Records excerpted from a collection
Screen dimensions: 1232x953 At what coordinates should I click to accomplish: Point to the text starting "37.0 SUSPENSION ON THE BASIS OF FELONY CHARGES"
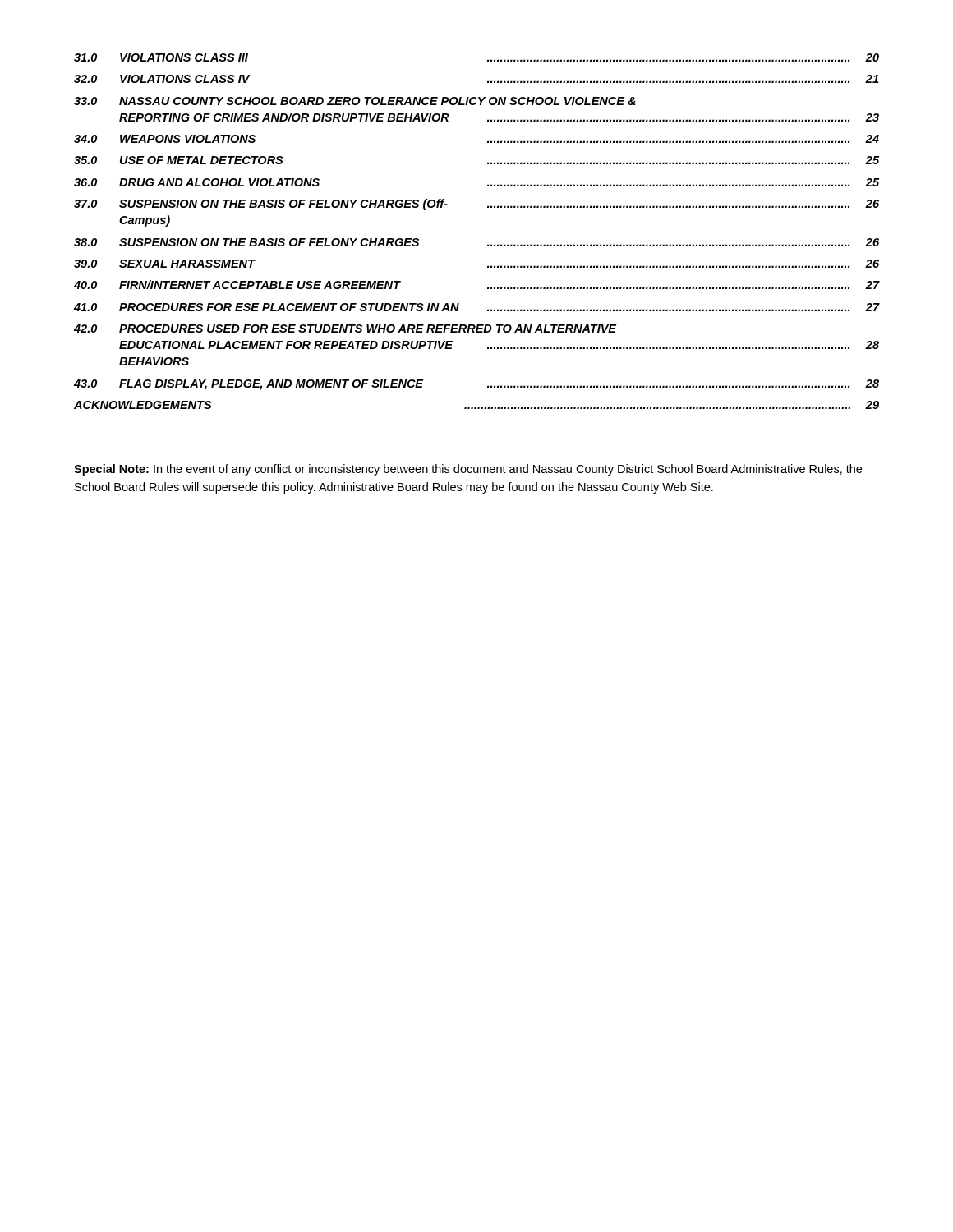coord(85,204)
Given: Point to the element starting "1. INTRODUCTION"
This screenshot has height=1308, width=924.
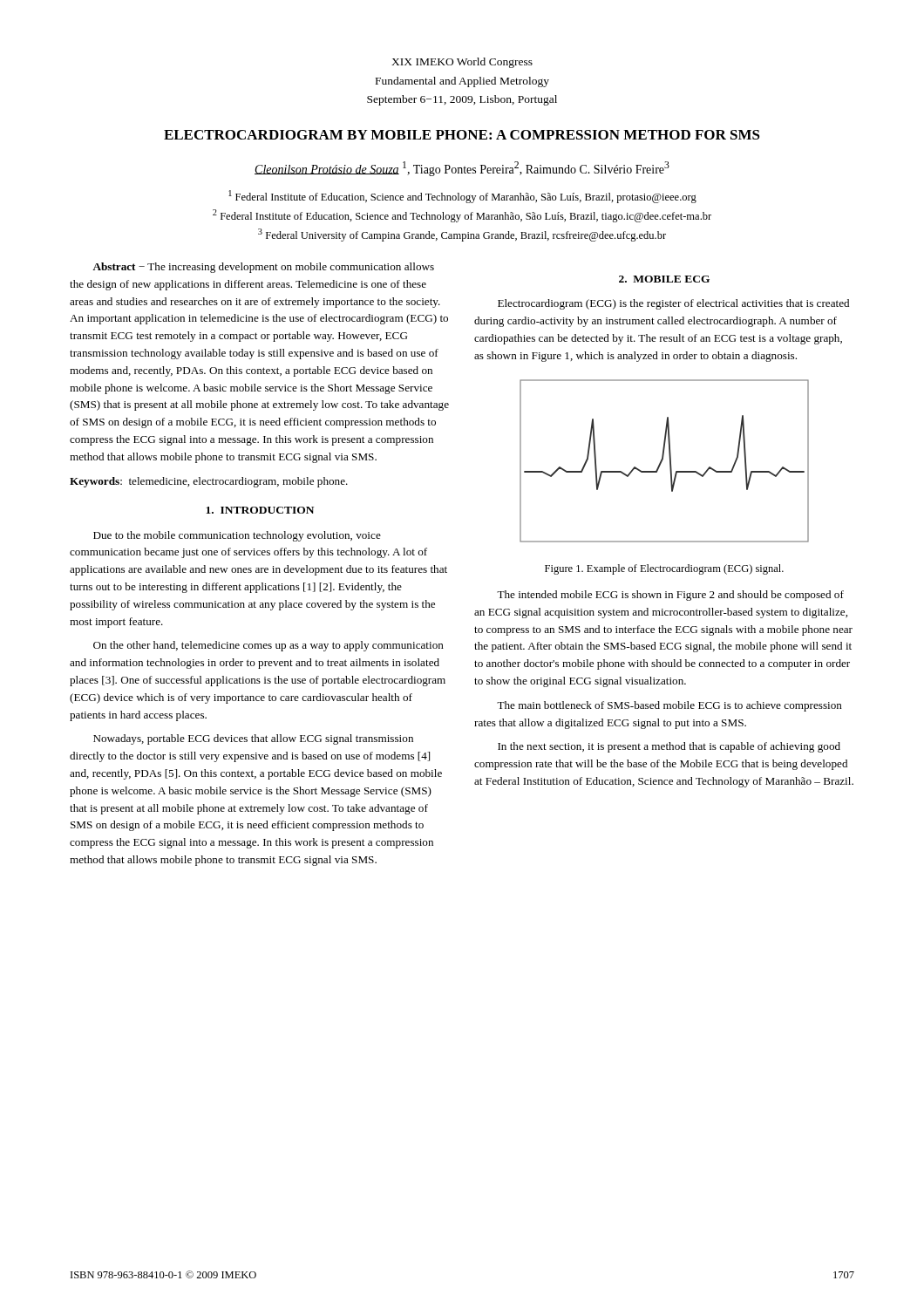Looking at the screenshot, I should coord(260,510).

■ **Work task**:
Your task is to repeat, word for word and with no picture, every line from the one that contains "Given: Point to" through the last line of the data.

■ **Reply to the task**:
Given: Point to the element starting "1. INTRODUCTION"
This screenshot has height=1308, width=924.
Looking at the screenshot, I should coord(260,510).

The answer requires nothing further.